BIANA is similar to other web servers that provide access to repositories of biological interactions. However, BIANA is different in the following aspects: 1) does a real integration of repositories, regardless of the type of identifiers used in the repositories; 2) is not limited to protein interactions and all types of biological interactions can be added; 3) provides users with analysis tools of the integrated networks. Furthermore, the BIANA webserver allows inputting multiple bioentities one by one or from external files, and codified in different identifier types.

Execution process
  • Provide a name for the experiment, and enter your email (we will send you an email when your results are ready)
  • Add seed bioentities for your network: these are the bioentities for which BIANA will search interactions. You can add seeds one by one, providing a file with seeds (one id per line, or two columns in each line: first is the id type, second the identifier), or asking for the network of a species. Please, keep in mind that creating the network for a species takes a long time and involves a high load: don't ask for species networks unless you really need them.
    • The embedded identifier tags can be the following: uniprotentry, uniprotaccession, genesymbol, geneid, refseq, proteinsequence, cygd, ec, encode, ensembl, flybase, hgnc, ipi, gi, accessionnumber (for NCBI accession number), nucleotidesequence, orfname, pdb (for PDB.chain), pir, sgd, tair, unigene, wormbase, ypd
    • One example of file with seed bioentities could be one with the three following lines:
      HDA1_YEAST
      MNP1_YEAST
      HSP82_YEAST
    • The same example but embedding the identifier type would be:
      uniprotentry HDA1_YEAST
      uniprotentry MNP1_YEAST
      uniprotentry HSP82_YEAST
  • Next, you set the output identifier type you wish to use for your outputs. If you select Gene Symbol, all bioentities will be identified with their corresponding gene symbols (if applicable).
  • Select the depth to which you want to develop the network: a depth of 1 will create a network containing the seeds and their direct interaction partners. A depth of 2 will add to this network the interaction partners of the partners. And so on...
  • If you want to access to more options (for advanced users), click on 'More Options'.
  • You can ask BIANA to predict interactions for your seed bioentities, based on interology. Basically, if two bioentities shared a certain feature (that the user can select in the associated select form), BIANA will assumme that they also share interactions.
  • If you are interested in a certain type of relation, you can fix it by setting the relation type
  • Set now the BIANA DB release. Leave it to the default version if you are not trying to reproduce a previous experiment: the highest release is always the most complete version of the BIANA database
  • Choose whether you want BIANA to use all repositories or you are just interested in a few ones
  • Choose whether you want BIANA to use all detection methods or you are just interested in a few ones
  • Use the special bioentities section to tag those bioentities that you want to see differentiated afterwards in your results. For example, if you have two files, one with genes that are overexpressed in a microarray experiment and another with those genes that were underexpressed, you can map this information to the network by creating the labels 'under' and 'over'.
  • Now, tell BIANA which outputs you want to obtain: HTML table with interactions, SIF network and HTML table with information for all bioentities.
  • Run BIANA by clicking on the button
  • Wait for an email telling you that the results are ready (with a link to the report)
Useful tips
  • The input files you provide to BIANA must all follow the same rule: one bioentity per line. Alternatively, you can also have an extra column (separated by a tabulator) where you first specify the identifier type of the bioentitiy. For example, a file with one single bioentity would have one line "uniprotentry[tabulator]ACE_HUMAN". In this case, you will have to set the select box of identifier types to 'embedded'. For all identifier type tags see the above section 'execution process'.

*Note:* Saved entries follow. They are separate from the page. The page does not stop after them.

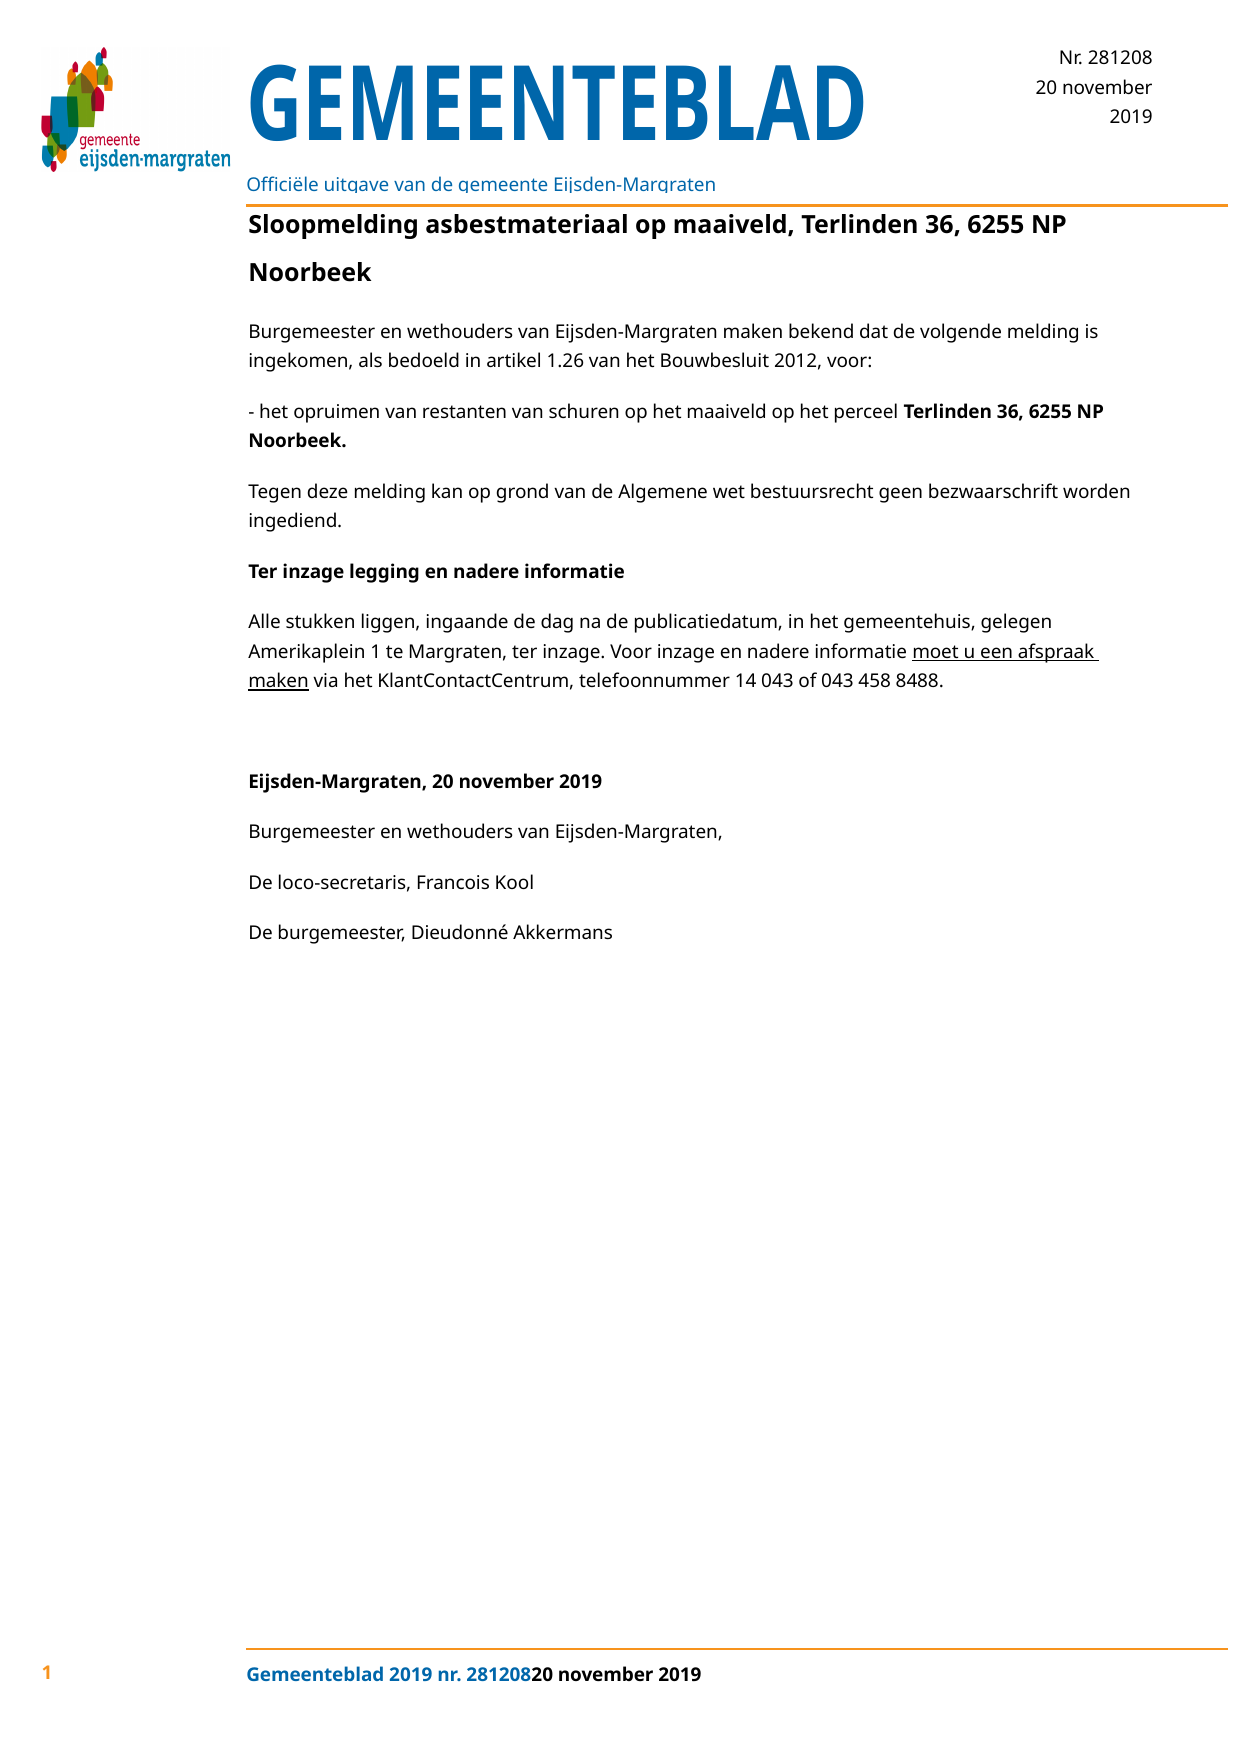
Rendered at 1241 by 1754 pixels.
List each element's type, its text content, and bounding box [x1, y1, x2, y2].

text Burgemeester en wethouders van Eijsden-Margraten, [248, 819, 1152, 844]
picture [41, 47, 231, 172]
text - het opruimen van restanten van schuren op het maaiveld op het perceel Terlinden 36, 6255 NP Noorbeek. [248, 398, 1152, 453]
text De burgemeester, Dieudonné Akkermans [248, 919, 1152, 945]
text De loco-secretaris, Francois Kool [248, 869, 1152, 895]
text Ter inzage legging en nadere informatie [248, 558, 1152, 584]
text Eijsden-Margraten, 20 november 2019 [248, 768, 1152, 794]
text Tegen deze melding kan op grond van de Algemene wet bestuursrecht geen bezwaarschrift worden ingediend. [248, 478, 1152, 533]
text Burgemeester en wethouders van Eijsden-Margraten maken bekend dat de volgende melding is ingekomen, als bedoeld in artikel 1.26 van het Bouwbesluit 2012, voor: [248, 318, 1152, 373]
text Alle stukken liggen, ingaande de dag na de publicatiedatum, in het gemeentehuis, gelegen Amerikaplein 1 te Margraten, ter inzage. Voor inzage en nadere informatie moet u een afspraak maken via het KlantContactCentrum, telefoonnummer 14 043 of 043 458 8488. [248, 608, 1152, 693]
text Sloopmelding asbestmateriaal op maaiveld, Terlinden 36, 6255 NP Noorbeek [248, 207, 1152, 288]
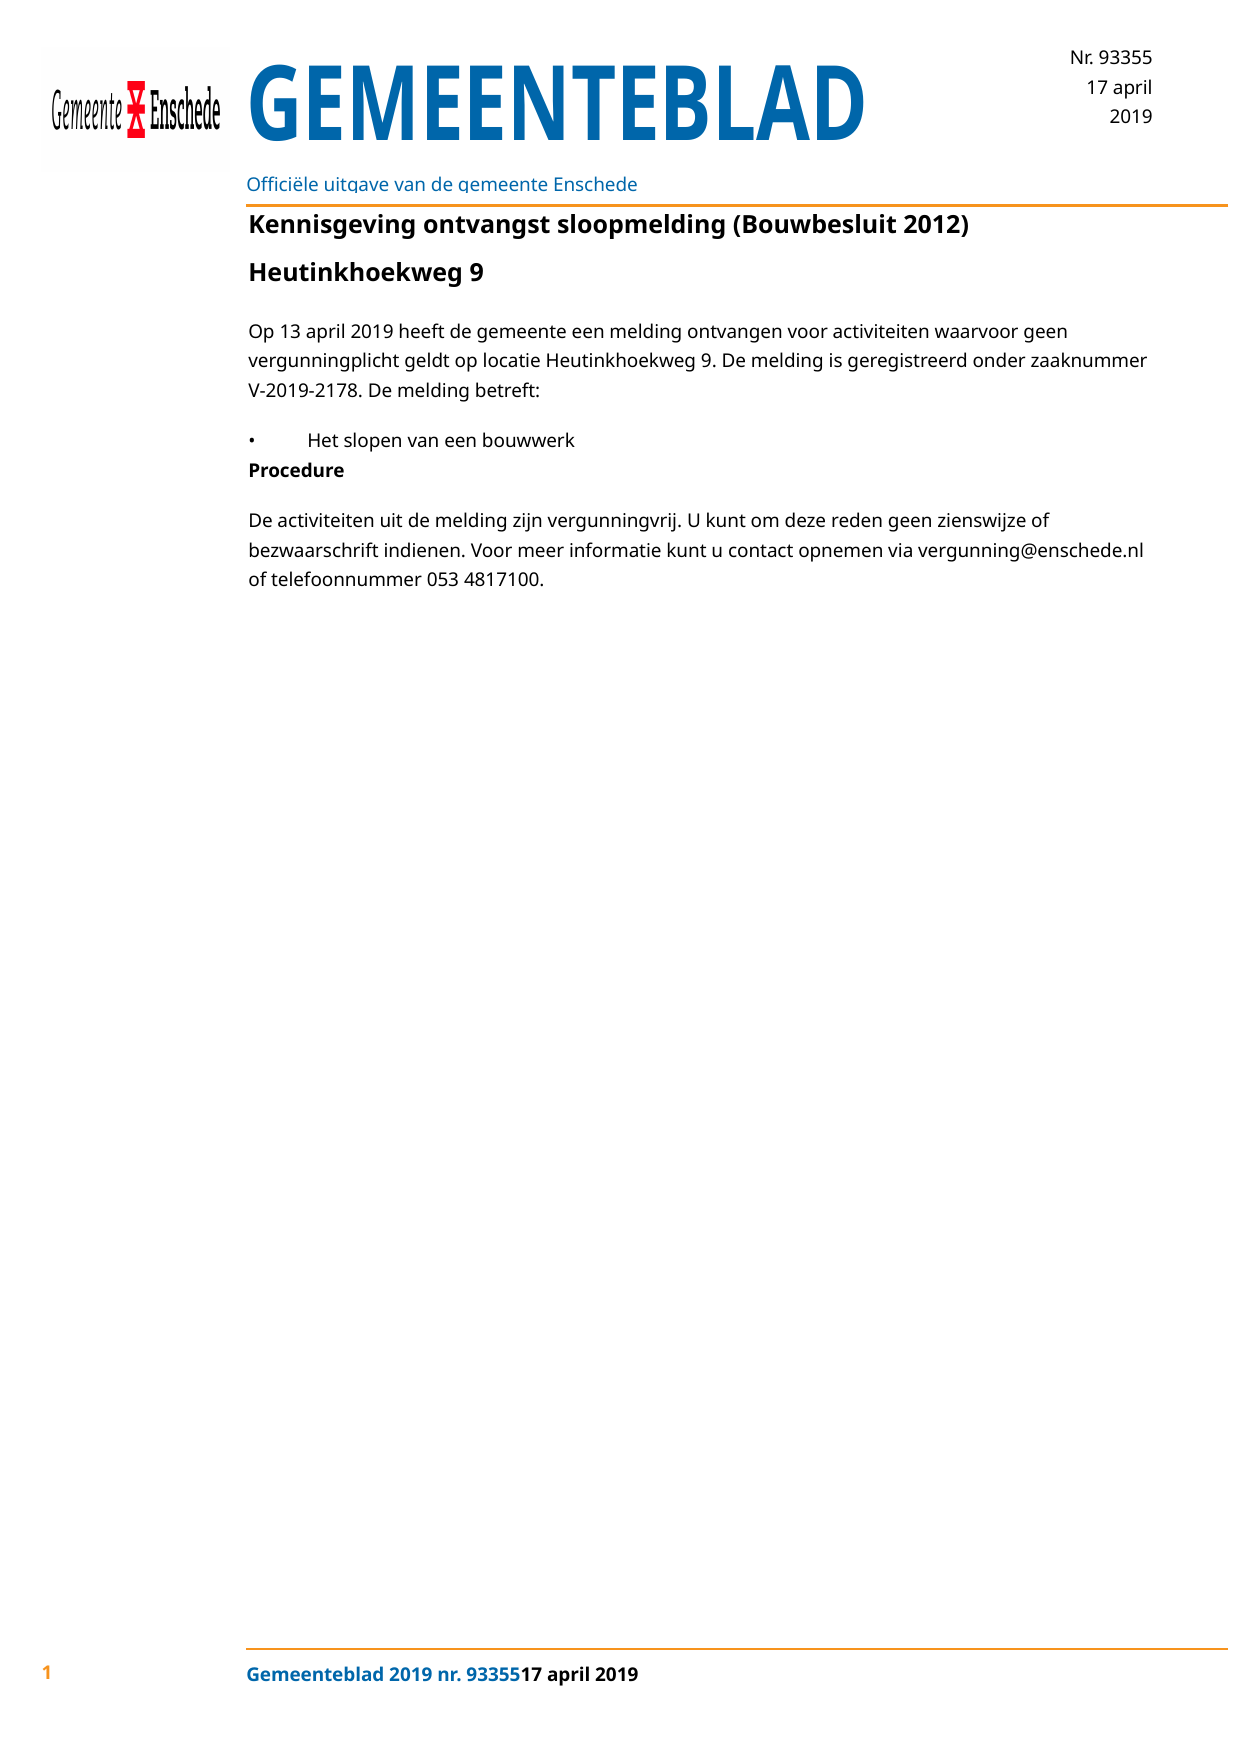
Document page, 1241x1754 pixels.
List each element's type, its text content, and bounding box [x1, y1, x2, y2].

list Het slopen van een bouwwerk [248, 427, 1152, 453]
picture [41, 47, 231, 172]
text Kennisgeving ontvangst sloopmelding (Bouwbesluit 2012) Heutinkhoekweg 9 [248, 207, 1152, 288]
text Op 13 april 2019 heeft de gemeente een melding ontvangen voor activiteiten waarvoor geen vergunningplicht geldt op locatie Heutinkhoekweg 9. De melding is geregistreerd onder zaaknummer V-2019-2178. De melding betreft: [248, 318, 1152, 403]
text Procedure [248, 457, 1152, 483]
text De activiteiten uit de melding zijn vergunningvrij. U kunt om deze reden geen zienswijze of bezwaarschrift indienen. Voor meer informatie kunt u contact opnemen via vergunning@enschede.nl of telefoonnummer 053 4817100. [248, 507, 1152, 592]

  • Every input in the formulary has its associated help: just pass the mouse over the text that describes the input and a small window will describe the information that is expected from you.

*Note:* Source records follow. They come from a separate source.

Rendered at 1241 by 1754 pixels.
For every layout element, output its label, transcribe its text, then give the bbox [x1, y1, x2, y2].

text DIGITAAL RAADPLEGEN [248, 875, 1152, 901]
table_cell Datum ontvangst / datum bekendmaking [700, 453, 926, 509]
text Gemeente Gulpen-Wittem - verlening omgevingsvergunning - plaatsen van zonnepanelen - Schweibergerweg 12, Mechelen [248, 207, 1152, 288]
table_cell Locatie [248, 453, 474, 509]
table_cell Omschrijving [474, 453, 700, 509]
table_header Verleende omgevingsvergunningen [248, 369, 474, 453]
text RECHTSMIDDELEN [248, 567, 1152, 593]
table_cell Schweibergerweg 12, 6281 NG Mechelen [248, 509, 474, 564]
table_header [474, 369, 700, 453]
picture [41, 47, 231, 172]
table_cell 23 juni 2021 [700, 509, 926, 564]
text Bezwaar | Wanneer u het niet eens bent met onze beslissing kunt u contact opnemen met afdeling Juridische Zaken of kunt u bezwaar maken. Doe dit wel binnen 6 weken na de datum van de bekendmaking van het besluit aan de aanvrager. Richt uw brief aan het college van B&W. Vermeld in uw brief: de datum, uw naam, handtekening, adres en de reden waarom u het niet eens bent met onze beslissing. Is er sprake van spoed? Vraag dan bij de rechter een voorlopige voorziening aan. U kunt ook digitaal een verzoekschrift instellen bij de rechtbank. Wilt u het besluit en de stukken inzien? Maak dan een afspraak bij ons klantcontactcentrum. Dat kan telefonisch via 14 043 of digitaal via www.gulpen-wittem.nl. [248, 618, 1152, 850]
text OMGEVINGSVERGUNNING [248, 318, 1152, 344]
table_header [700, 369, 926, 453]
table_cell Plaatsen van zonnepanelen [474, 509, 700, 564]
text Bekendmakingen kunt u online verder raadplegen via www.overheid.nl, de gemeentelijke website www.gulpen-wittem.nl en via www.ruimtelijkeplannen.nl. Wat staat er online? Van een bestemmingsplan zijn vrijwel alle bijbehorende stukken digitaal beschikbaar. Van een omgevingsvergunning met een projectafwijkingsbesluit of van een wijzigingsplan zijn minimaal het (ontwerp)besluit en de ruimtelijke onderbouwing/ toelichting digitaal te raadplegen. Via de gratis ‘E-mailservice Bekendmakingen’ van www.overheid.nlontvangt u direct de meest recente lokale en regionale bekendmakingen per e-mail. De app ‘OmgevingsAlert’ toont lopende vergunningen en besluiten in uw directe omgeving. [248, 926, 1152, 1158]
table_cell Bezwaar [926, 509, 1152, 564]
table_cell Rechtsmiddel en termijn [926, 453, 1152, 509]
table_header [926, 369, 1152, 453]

  • You can choose which type of relation between bioentities you want to use. For example, if you are just interested in creating a network with physical interactions, you can restrict the network to contain such relation types.

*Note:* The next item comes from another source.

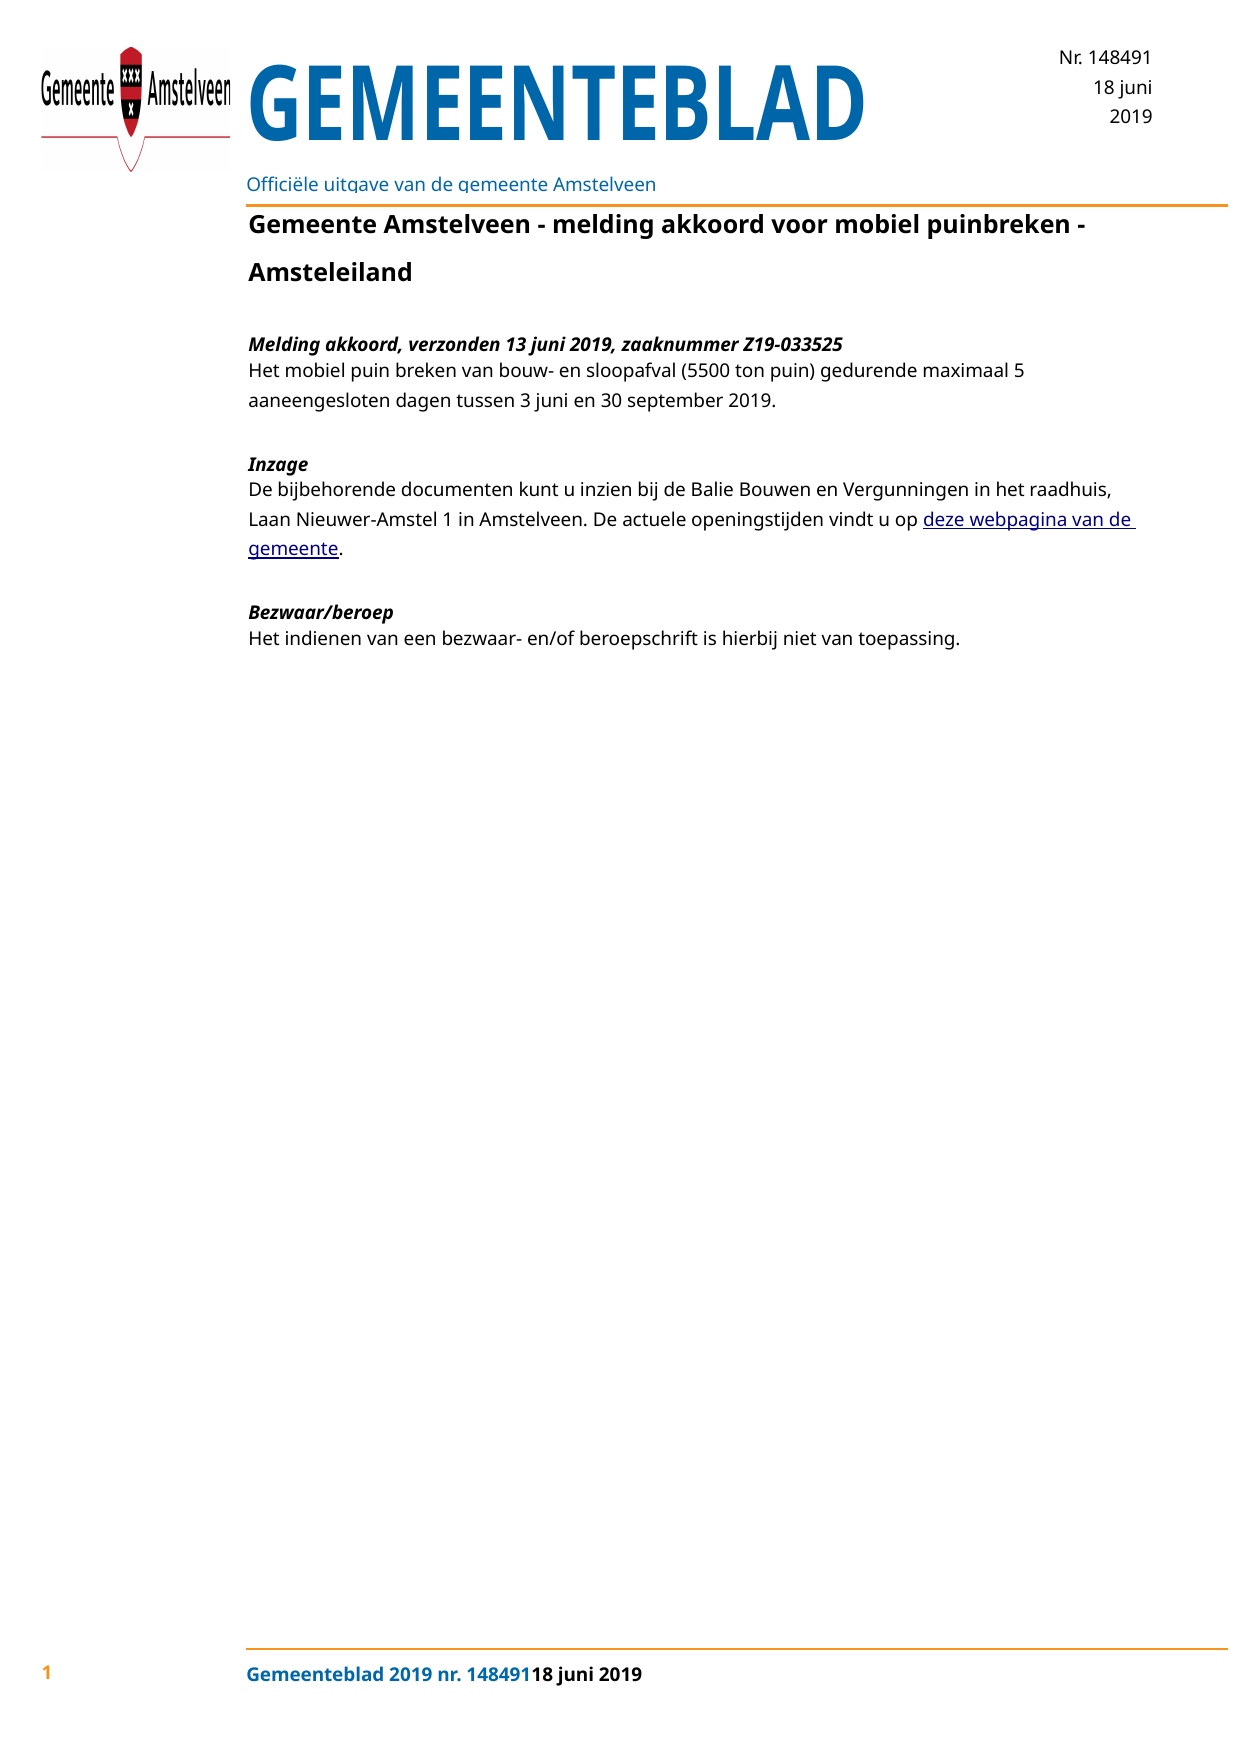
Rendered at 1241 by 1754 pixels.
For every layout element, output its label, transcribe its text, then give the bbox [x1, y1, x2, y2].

  • When printing your network you can choose between these options:
    • All bioentities and interactions: prints the complete network
    • Seeds and linker bioentities: prints seeds, linkers (a 'linker' is a bioentity that connects at least 2 seeds) and interactions between them.

  • You can ask BIANA to add predictions to the network based on interology (http://en.wikipedia.org/wiki/Interolog). In this type of predictions, BIANA assumes that if two bioentities share a certain characteristic (e.g. COG) then they will also share interaction partners.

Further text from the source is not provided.